As one of Japan’s representative tourist destinations, the Asakusa district never ceases to attract people looking for a taste of traditional downtown Tokyo. The 30 million visitors it draws each year are a testament to its popularity.
Typically, an Asakusa tour starts by entering the Kaminarimon Gate of Sensoji Temple, the district’s definitive symbol and landmark. With its enormous red paper lantern hanging from the middle beam, it is one of the most recognizable sites in Japanese travel photos.
Inside is Nakamise, one of the city’s oldest surviving arcades, with a history dating back to the Edo Period (1603-1868). While some shops sell tacky souvenirs targeting tourists, others are more established and have been in place for more than a century.
At the end of the long row of shops is the main building of Tokyo’s oldest temple, which, according to legend, was built in 628 to enshrine a statue of the Buddhist goddess of mercy that had been salvaged from the nearby Sumida River.

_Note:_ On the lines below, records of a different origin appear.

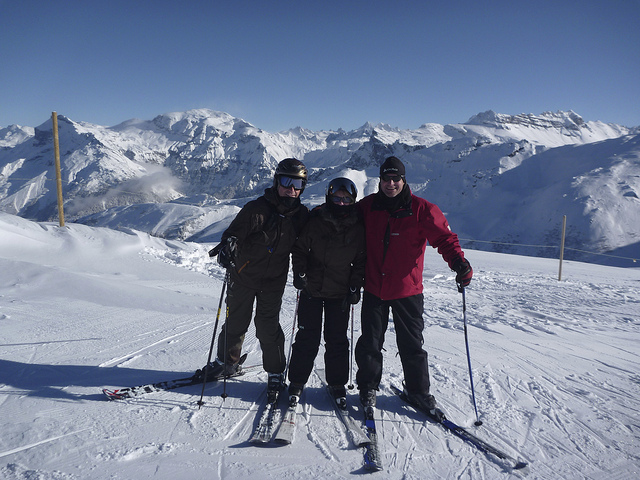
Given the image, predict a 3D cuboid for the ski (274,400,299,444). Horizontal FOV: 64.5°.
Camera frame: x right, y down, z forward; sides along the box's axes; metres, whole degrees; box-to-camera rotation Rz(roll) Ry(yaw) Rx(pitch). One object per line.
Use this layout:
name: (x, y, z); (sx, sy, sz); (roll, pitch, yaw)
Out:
ski: (-0.456, 2.681, 7.657); (0.252, 0.086, 0.829); (4, 31, 9)

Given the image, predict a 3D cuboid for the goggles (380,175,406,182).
goggles: (1.145, -0.957, 7.934); (0.384, 0.117, 0.124); (3, 4, 6)

The area flourished through the Meiji and Showa eras and played an important role in spreading popular forms of entertainment, including kabuki and “yose rakugo” houses, but gradually lost its sheen as a cultural center after 1964, the year Tokyo hosted Japan’s first Olympics.
Alarmed by its declining popularity, residents have made various attempts to revitalize Asakusa, including holding an annual Samba Carnival and lighting up Kaminarimon and Sensoji.
Thanks to these efforts, as well as the 2012 opening of nearby Tokyo Skytree, the world’s tallest broadcasting tower, Asakusa’s popularity is now back on an upward trajectory.
The area is undergoing redevelopment targeted at the increase in international tourism expected ahead of the 2020 Tokyo Olympics.
This section, appearing on the first Monday of each month, offers a snapshot view of areas that may interest tourists. It is published on Tuesday this week because there was no paper Monday due to the press holiday.